Discussion in 'Effects [BG]' started by Nic., Sep 21, 2018.


  1. Nic.

    Nic.

    Aug 28, 2009
    Singapore
    I was going to post this in the FEA fan club thread until I realised the last post was ages ago... well anyway.

    I was thinking of getting both a crossover blend as well as a new compressor and I realised the FEA DB-CL might be what I need. However, before I actually order one, I figure I should ask if it's really what I'm looking for.

    I have two main purposes in mind:

    1) I want a multiband compressor so that I can keep a low drone going while tapping on higher notes. The low notes are around the first few frets of the E/A strings, higher notes around the 12th fret of the A/D strings. In theory it should work since the fundamental of these notes are on either side of the crossover range, right? Pretty sure this isn't an issue based on what I've read around here but just to be sure...

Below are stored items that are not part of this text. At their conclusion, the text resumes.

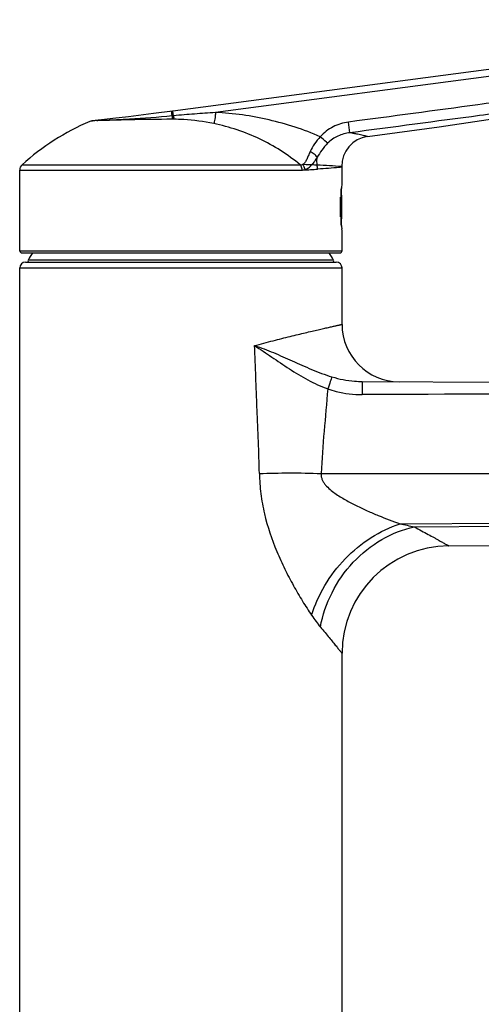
# Model space of a CAD drawing. Header units: millimetres. Extents: x -57 to 352, y -64 to 485.
# Tile 8 of 9: x 148 to 212, y 347 to 484. Entities that reach past the tile are written whole.
import ezdxf

# ---------------------------------------------------------------- set-up
doc = ezdxf.new("R2010")
doc.units = ezdxf.units.MM
doc.header["$LTSCALE"] = 23.1
doc.layers.get('0').update_dxf_attribs({"linetype": 'CONTINUOUS'})

msp = doc.modelspace()

# ---------------------------------------------------------------- linework, layer by layer
at = {"color": 7, "linetype": 'CONTINUOUS'}
for p, q in [((265.93, 484.38), (169.04, 471.63)), ((168.98, 471.62), (166.33, 471.28)), ((159.47, 470.44), (157.71, 470.26)), ((158.66, 470.36), (158.66, 470.36)), ((160.65, 470.58), (159.47, 470.44)), ((162.85, 470.84), (160.65, 470.58)), ((166.33, 471.28), (162.85, 470.84)), ((147.64, 452.14), (147.64, 463.4)), ((192.64, 461.49), (192.64, 463.8)), ((192.63, 461.47), (192.64, 461.49)), ((192.64, 454.99), (192.61, 455.2)), ((192.62, 455.08), (192.61, 455.2)), ((192.64, 452.14), (192.64, 454.99)), ((147.94, 451.84), (192.34, 451.84)), ((147.64, 210.09), (147.64, 449.74)), ((148.44, 450.54), (191.84, 450.54)), ((192.64, 441.86), (192.64, 449.74)), ((195.47, 433.89), (350.8, 433.07)), ((207.55, 410.95), (322.83, 411.63)), ((192.64, 210.09), (192.64, 395.95))]:
    msp.add_line(p, q, dxfattribs=at)
at = {"color": 9, "linetype": 'CONTINUOUS'}
for p, q in [((265.76, 483.38), (174.97, 471.43)), ((168.98, 470.96), (168.9, 471.61)), ((169.13, 470.97), (169.04, 471.63)), ((169.04, 471.63), (169.04, 471.63)), ((158.11, 470.25), (157.43, 470.18)), ((158.11, 470.25), (157.87, 470.23)), ((158.4, 470.29), (158.11, 470.25)), ((158.84, 470.3), (158.4, 470.29)), ((158.8, 470.3), (158.4, 470.29)), ((169.12, 470.48), (168.91, 470.48)), ((168.98, 470.96), (168.92, 470.95)), ((169.13, 470.97), (168.98, 470.96)), ((193.75, 468.6), (193.56, 470.1)), ((147.64, 463.4), (187.03, 463.4)), ((147.97, 464.14), (186.78, 464.14)), ((192.63, 463.88), (192.58, 463.88)), ((192.64, 463.8), (192.58, 463.79)), ((192.54, 455.73), (192.54, 460.75)), ((192.44, 456.88), (192.44, 459.6)), ((147.64, 452.14), (192.64, 452.14)), ((191.46, 450.84), (148.81, 450.84)), ((147.64, 449.74), (192.64, 449.74)), ((189.74, 421.04), (325.14, 421.04)), ((200.75, 414.04), (325.14, 414.75)), ((202.73, 413.6), (325.14, 414.36))]:
    msp.add_line(p, q, dxfattribs=at)
at = {"color": 7, "linetype": 'CONTINUOUS'}
msp.add_lwpolyline([(196.2, 468.07), (206.22, 469.43), (218.95, 471.32), (231.76, 473.32), (244.64, 475.36), (257.61, 477.35), (270.4, 479.16)], dxfattribs=at)
for centre, radius, start, end in [((170.74, 438.89), 34, 113.0323, 132.0437), ((157.82, 469.27), 0.99, 96.3442, 113.0323), ((196.73, 464), 4.1, 97.4236, 181.7397), ((148.64, 463.4), 1, 132.0437, 180), ((189.99, 463.8), 2.65, 0, 1.7397), ((214.95, 458.23), 22.55, 173.1641, 178.9877), ((215.72, 458.15), 23.32, 172.6903, 173.1937), ((142.97, 458.24), 49.66, 356.8917, 3.1083), ((215.75, 458.15), 23.35, 171.837, 172.696), ((214.68, 458.24), 22.28, 178.9975, 181.004), ((215.13, 458.26), 22.73, 181.0357, 186.8142), ((215.89, 458.35), 23.49, 186.8084, 187.308), ((215.51, 458.3), 23.11, 187.3026, 187.7046), ((147.94, 452.14), 0.3, 180, 270), ((192.34, 452.14), 0.3, 270, 360), ((148.98, 450.74), 0.2, 149.7054, 270), ((170.14, 438.38), 24.7, 146.9786, 149.7054), ((170.14, 438.38), 24.7, 30.2946, 33.0342), ((191.29, 450.74), 0.2, 270, 30.2946), ((148.44, 449.74), 0.8, 90, 180), ((191.84, 449.74), 0.8, 0, 90), ((200.64, 441.86), 8, 180, 269.7), ((207.64, 395.95), 15, 90.3356, 180)]:
    msp.add_arc(centre, radius, start, end, dxfattribs=at)
at = {"color": 9, "linetype": 'CONTINUOUS'}
for centre, radius, start, end in [((187.03, 465.5), 2.1, 269.9574, 275.8649), ((181.63, 576.93), 113.66, 272.8351, 273.8387), ((187.08, 464.63), 1.23, 277.744, 286.6797), ((182.86, 329.22), 135.01, 87.3191, 87.65), ((181.66, 306.94), 157.32, 86.0205, 87.2623), ((186.11, 463.46), 3.12, 1.2187, 11.43), ((275.24, -19295.73), 19727.95, 89.804264, 90.231675), ((211.94, 459.91), 47.21, 256.2935, 258.7445)]:
    msp.add_arc(centre, radius, start, end, dxfattribs=at)
for points, knots in [([(265.76, 480.25), (259.74, 479.42), (247.71, 477.69), (232.68, 475.47), (220.65, 473.75), (208.61, 472.09), (199.58, 470.89), (193.56, 470.1)], [0, 0, 0, 0, 0.249999, 0.500001, 0.625, 0.749999, 1, 1, 1, 1]), ([(265.98, 478.64), (259.96, 477.82), (247.92, 476.11), (232.89, 473.92), (220.86, 472.23), (208.81, 470.58), (199.78, 469.4), (193.75, 468.6)], [0, 0, 0, 0, 0.25, 0.5, 0.624998, 0.749997, 1, 1, 1, 1]), ([(168.92, 470.95), (168.92, 471), (168.91, 471.09), (168.89, 471.21), (168.88, 471.32), (168.87, 471.42), (168.86, 471.48), (168.85, 471.53), (168.85, 471.55), (168.85, 471.57), (168.84, 471.59), (168.85, 471.59), (168.84, 471.6), (168.84, 471.6)], [0, 0, 0, 0, 0.210657, 0.405102, 0.577865, 0.724944, 0.843045, 0.89037, 0.929521, 0.960232, 0.982257, 0.995509, 1, 1, 1, 1]), ([(174.97, 471.43), (173.99, 471.36), (172.05, 471.22), (170.1, 471.07), (169.13, 470.97)], [0, 0, 0, 0, 0.500017, 1, 1, 1, 1]), ([(174.97, 471.43), (174.96, 471.26), (174.94, 470.95), (174.89, 470.51), (174.82, 470.16), (174.76, 469.96), (174.72, 469.88)], [0, 0, 0, 0, 0.313418, 0.599198, 0.833998, 1, 1, 1, 1]), ([(189.61, 468.04), (188.46, 468.55), (186.1, 469.44), (182.46, 470.45), (178.74, 471.15), (176.22, 471.38), (174.97, 471.43)], [0, 0, 0, 0, 0.249971, 0.499961, 0.749979, 1, 1, 1, 1]), ([(168.92, 470.95), (166.94, 470.76), (164.15, 470.53), (160.78, 470.37), (159.39, 470.32), (158.8, 470.3)], [0, 0, 0, 0, 0.58916, 0.826548, 1, 1, 1, 1]), ([(168.91, 470.48), (166.94, 470.47), (164.17, 470.44), (160.81, 470.35), (159.43, 470.31), (158.84, 470.3)], [0, 0, 0, 0, 0.587123, 0.824327, 1, 1, 1, 1]), ([(168.92, 470.95), (168.93, 470.86), (168.93, 470.7), (168.93, 470.54), (168.92, 470.48)], [0, 0, 0, 0, 0.602684, 1, 1, 1, 1]), ([(168.98, 470.96), (168.99, 470.86), (169, 470.7), (168.99, 470.54), (168.98, 470.48)], [0, 0, 0, 0, 0.602892, 1, 1, 1, 1]), ([(169.13, 470.97), (169.13, 470.87), (169.14, 470.71), (169.13, 470.54), (169.12, 470.48)], [0, 0, 0, 0, 0.60282, 1, 1, 1, 1]), ([(174.72, 469.88), (173.34, 470.16), (171.47, 470.42), (169.59, 470.48), (169.12, 470.48)], [0, 0, 0, 0, 0.749509, 1, 1, 1, 1]), ([(193.56, 470.1), (192.81, 470), (191.7, 469.66), (190.42, 468.85), (189.86, 468.33), (189.61, 468.04)], [0, 0, 0, 0, 0.499147, 0.749589, 1, 1, 1, 1]), ([(186.78, 464.14), (185.92, 464.85), (184.1, 466.18), (180.17, 468.36), (176.92, 469.43), (174.72, 469.88)], [0, 0, 0, 0, 0.249118, 0.498926, 1, 1, 1, 1]), ([(193.75, 468.6), (193.17, 468.54), (192.03, 468.24), (191.04, 467.57), (190.63, 467.15)], [0, 0, 0, 0, 0.500072, 1, 1, 1, 1]), ([(196.2, 468.07), (196.2, 468.07), (196.19, 468.07), (196.16, 468.08), (196.11, 468.09), (196.04, 468.1), (195.96, 468.13), (195.8, 468.16), (195.56, 468.22), (195.22, 468.3), (194.79, 468.39), (194.3, 468.49), (193.94, 468.57), (193.75, 468.6)], [0, 0, 0, 0, 0.003957, 0.015819, 0.035578, 0.063224, 0.098748, 0.142142, 0.252434, 0.393848, 0.566093, 0.768467, 1, 1, 1, 1]), ([(189.61, 468.04), (189.31, 467.74), (188.77, 467.08), (188.36, 466.34), (188.19, 465.97)], [0, 0, 0, 0, 0.515584, 1, 1, 1, 1]), ([(190.63, 467.15), (190.57, 467.2), (190.24, 467.5), (189.9, 467.8), (189.61, 468.04)], [0, 0, 0, 0, 0.175942, 1, 1, 1, 1]), ([(188.19, 465.97), (188.1, 465.78), (187.94, 465.42), (187.75, 464.97), (187.6, 464.65), (187.48, 464.44), (187.33, 464.26), (187.21, 464.18), (187.14, 464.15)], [0, 0, 0, 0, 0.293091, 0.559282, 0.680774, 0.793722, 0.898545, 1, 1, 1, 1]), ([(189.17, 465.2), (189.06, 465.35), (188.75, 465.65), (188.39, 465.87), (188.19, 465.97)], [0, 0, 0, 0, 0.46007, 1, 1, 1, 1]), ([(190.63, 467.15), (190.34, 466.84), (189.83, 466.2), (189.38, 465.52), (189.17, 465.2)], [0, 0, 0, 0, 0.52532, 1, 1, 1, 1]), ([(189.17, 465.2), (189.04, 465), (188.8, 464.63), (188.53, 464.27), (188.4, 464.11)], [0, 0, 0, 0, 0.532382, 1, 1, 1, 1]), ([(189.18, 464.08), (189.16, 464.17), (189.13, 464.54), (189.14, 464.92), (189.17, 465.2)], [0, 0, 0, 0, 0.24826, 1, 1, 1, 1]), ([(186.78, 464.14), (186.81, 464.14), (186.93, 464.13), (187.05, 464.14), (187.14, 464.15)], [0, 0, 0, 0, 0.254049, 1, 1, 1, 1]), ([(186.78, 464.14), (186.82, 464.09), (186.97, 463.87), (187.03, 463.6), (187.03, 463.4)], [0, 0, 0, 0, 0.236579, 1, 1, 1, 1]), ([(187.14, 464.15), (187.18, 464.11), (187.33, 463.9), (187.42, 463.64), (187.44, 463.45)], [0, 0, 0, 0, 0.242215, 1, 1, 1, 1]), ([(188.4, 464.11), (188.3, 464.12), (187.88, 464.14), (187.46, 464.15), (187.14, 464.15)], [0, 0, 0, 0, 0.223723, 1, 1, 1, 1]), ([(187.44, 463.45), (187.63, 463.51), (187.98, 463.7), (188.27, 463.97), (188.4, 464.11)], [0, 0, 0, 0, 0.503698, 1, 1, 1, 1]), ([(192.58, 463.79), (192.46, 463.78), (191.35, 463.68), (190.23, 463.59), (189.24, 463.53)], [0, 0, 0, 0, 0.106631, 1, 1, 1, 1]), ([(180.44, 438.89), (181.3, 439.13), (182.96, 439.57), (184.98, 440.08), (186.47, 440.44), (187.49, 440.68), (188.42, 440.9), (189.27, 441.1), (190.03, 441.28), (190.7, 441.43), (191.2, 441.54), (191.55, 441.62), (191.77, 441.67), (191.97, 441.71), (192.15, 441.75), (192.29, 441.78), (192.41, 441.81), (192.5, 441.83), (192.55, 441.84), (192.58, 441.85), (192.6, 441.85), (192.62, 441.85), (192.63, 441.86), (192.64, 441.86), (192.64, 441.86)], [0, 0, 0, 0, 0.213783, 0.408854, 0.498126, 0.581299, 0.657944, 0.727651, 0.790066, 0.844849, 0.891718, 0.912103, 0.930415, 0.946631, 0.960732, 0.972697, 0.982508, 0.99015, 0.993156, 0.995618, 0.997534, 0.998903, 0.999726, 1, 1, 1, 1]), ([(180.44, 438.89), (181.25, 438.38), (182.85, 437.29), (185.29, 435.63), (187.85, 434.05), (189.69, 433.19), (190.65, 432.85)], [0, 0, 0, 0, 0.241028, 0.489468, 0.743098, 1, 1, 1, 1]), ([(181.1, 421.04), (181.07, 422.53), (180.97, 425.51), (180.81, 429.22), (180.69, 432.2), (180.58, 435.17), (180.5, 437.41), (180.44, 438.89)], [0, 0, 0, 0, 0.250014, 0.500008, 0.625001, 0.75, 1, 1, 1, 1]), ([(180.44, 438.89), (181.33, 438.6), (183.09, 437.93), (185.71, 436.75), (188.4, 435.54), (190.26, 434.83), (191.23, 434.54)], [0, 0, 0, 0, 0.240769, 0.487173, 0.74008, 1, 1, 1, 1]), ([(191.23, 434.54), (191.15, 434.33), (190.96, 433.76), (190.77, 433.2), (190.65, 432.85)], [0, 0, 0, 0, 0.376186, 1, 1, 1, 1]), ([(191.23, 434.54), (192.25, 434.23), (193.68, 433.95), (195.11, 433.89), (195.47, 433.89)], [0, 0, 0, 0, 0.749448, 1, 1, 1, 1]), ([(195.47, 433.89), (195.47, 433.89), (195.47, 433.88), (195.47, 433.88), (195.47, 433.86), (195.47, 433.85), (195.47, 433.83), (195.47, 433.79), (195.47, 433.74), (195.47, 433.66), (195.47, 433.57), (195.47, 433.47), (195.47, 433.3), (195.47, 433.06), (195.47, 432.75), (195.47, 432.41), (195.47, 432.17), (195.47, 432.05)], [0, 0, 0, 0, 0.001212, 0.00483, 0.010839, 0.019226, 0.029973, 0.043065, 0.076136, 0.118084, 0.168537, 0.226998, 0.292895, 0.444444, 0.617291, 0.804974, 1, 1, 1, 1]), ([(190.65, 432.85), (190.49, 430.88), (190.12, 426.95), (189.81, 423.01), (189.74, 421.04)], [0, 0, 0, 0, 0.500009, 1, 1, 1, 1]), ([(190.65, 432.85), (191.04, 432.72), (192.61, 432.26), (194.25, 432.05), (195.47, 432.05)], [0, 0, 0, 0, 0.250414, 1, 1, 1, 1]), ([(181.1, 421.04), (182.49, 421.1), (185.37, 421.16), (188.25, 421.1), (189.74, 421.04)], [0, 0, 0, 0, 0.483378, 1, 1, 1, 1]), ([(181.1, 421.04), (181.12, 420.1), (181.25, 418.21), (181.93, 414.53), (183.12, 411.01), (184.62, 407.72), (185.83, 405.41), (187.08, 403.26), (187.96, 401.9), (188.4, 401.26)], [0, 0, 0, 0, 0.132698, 0.264795, 0.52451, 0.650822, 0.773337, 0.89052, 1, 1, 1, 1]), ([(189.74, 421.04), (189.72, 420.89), (189.73, 420.59), (189.86, 420.17), (190.08, 419.78), (190.43, 419.32), (190.96, 418.81), (191.65, 418.28), (192.37, 417.8), (193.36, 417.22), (194.62, 416.56), (196.16, 415.84), (198.19, 414.96), (199.73, 414.39), (200.75, 414.04)], [0, 0, 0, 0, 0.03264, 0.06521, 0.097669, 0.130023, 0.194387, 0.25848, 0.322313, 0.38588, 0.512117, 0.636973, 0.76018, 1, 1, 1, 1]), ([(188.4, 401.26), (188.83, 402.71), (190.11, 405.55), (192.96, 409.26), (196.55, 412.23), (199.33, 413.58), (200.75, 414.04)], [0, 0, 0, 0, 0.246547, 0.502295, 0.756817, 1, 1, 1, 1]), ([(189.62, 399.62), (189.92, 401.28), (191.04, 404.56), (194.02, 408.8), (197.99, 412.01), (201.14, 413.27), (202.73, 413.6)], [0, 0, 0, 0, 0.250695, 0.506686, 0.759004, 1, 1, 1, 1]), ([(202.73, 413.6), (203.07, 413.42), (203.72, 413.07), (204.65, 412.57), (205.36, 412.18), (205.86, 411.9), (206.2, 411.71), (206.5, 411.54), (206.77, 411.39), (207, 411.26), (207.17, 411.17), (207.28, 411.11), (207.35, 411.07), (207.41, 411.03), (207.46, 411), (207.5, 410.98), (207.52, 410.97), (207.53, 410.96), (207.54, 410.96), (207.55, 410.95), (207.55, 410.95), (207.55, 410.95)], [0, 0, 0, 0, 0.210884, 0.403448, 0.574529, 0.65104, 0.721014, 0.784054, 0.839758, 0.887731, 0.927606, 0.9444, 0.95904, 0.971485, 0.981705, 0.989684, 0.995404, 0.997411, 0.998848, 0.999712, 1, 1, 1, 1]), ([(188.4, 401.26), (188.6, 400.97), (188.99, 400.41), (189.41, 399.87), (189.62, 399.62)], [0, 0, 0, 0, 0.520191, 1, 1, 1, 1]), ([(189.62, 399.62), (189.84, 399.36), (190.25, 398.87), (190.83, 398.17), (191.27, 397.64), (191.59, 397.25), (191.8, 396.99), (191.99, 396.76), (192.15, 396.55), (192.3, 396.38), (192.41, 396.23), (192.5, 396.13), (192.55, 396.06), (192.58, 396.02), (192.6, 395.99), (192.62, 395.97), (192.63, 395.96), (192.63, 395.96), (192.64, 395.95), (192.64, 395.95)], [0, 0, 0, 0, 0.210983, 0.403551, 0.574708, 0.651276, 0.721306, 0.784388, 0.840109, 0.888054, 0.927866, 0.959216, 0.971618, 0.981797, 0.98974, 0.99543, 0.997427, 0.998855, 1, 1, 1, 1])]:
    msp.add_open_spline(points, degree=3, knots=knots, dxfattribs=at)
msp.add_open_spline([(158.4, 470.29), (158.48, 470.32), (158.57, 470.35), (158.66, 470.36)], degree=3, dxfattribs=at)

doc.saveas('drawing.dxf')

    2) I use quite a bit of distortion on a fretless and try to balance the crunch with some mwah. Recently I had the idea that if I use a crossover, and only apply the distortion to the lows, then blend them back together, I could get some interesting results. I'm sure the compression on the highs will also help me to emphasize the mwah range a bit more too, thinking of a short attack on the distorted lows for initial attack and some bloom on the highs for the mwah to fade in.

    Is it possible to use the FEA at the start of the chain, split the signal, run the lows into distortion, then recombine them using a Boss LS2? And my understanding is that if I do this, the uncompressed 5k+ frequencies will go to the "highs" output, right? Is there anything special that the compressor is doing when mixing the split signal back together within the pedal itself that I can't do with the LS2?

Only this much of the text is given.